Galvez recalled that China was the first country to donate and deliver the vaccines to the Philippines in February, noting that Sunday's shipment is the 100th the country has ever received and coincidentally it is also the Chinese donation.

China has sustained the COVID-19 vaccine supply to the Philippines since the first delivery on Feb. 28, allowing the Southeast Asian country to kick off its vaccination drive on March 1.

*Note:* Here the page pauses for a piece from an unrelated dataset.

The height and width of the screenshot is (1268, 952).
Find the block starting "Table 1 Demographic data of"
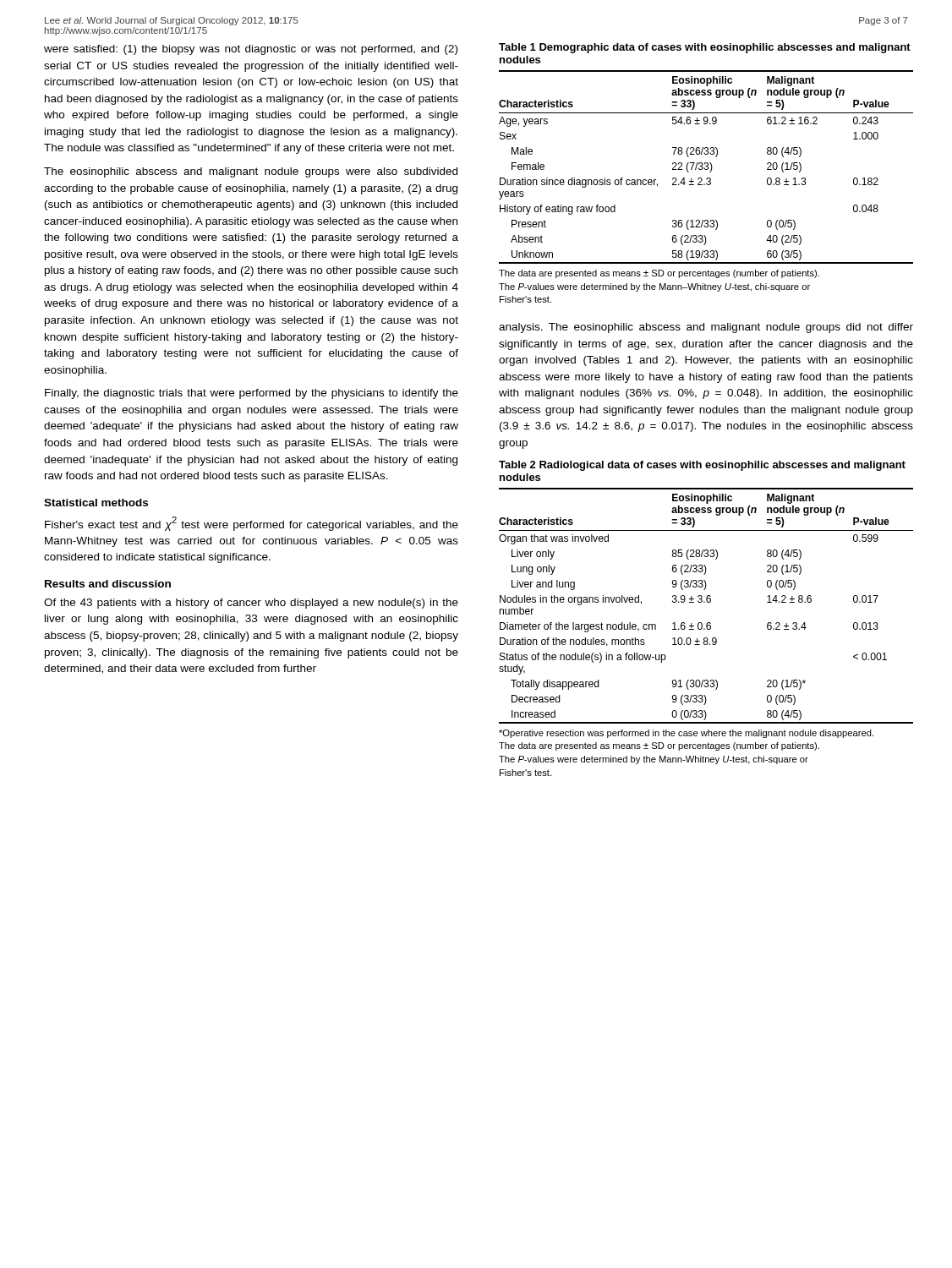point(705,53)

The Philippines has administered over 55 million doses of COVID-19 vaccines. More than 25 million Filipinos have been fully vaccinated. The government aims to vaccinate up to 70 million people this year.

To date, the Philippines has received more than 97.67 million doses of COVID-19 vaccines from different vaccine makers. China remains the country's biggest vaccine supplier.The Philippines now has more than 2.75 million confirmed COVID-19 cases, including 41,793 deaths.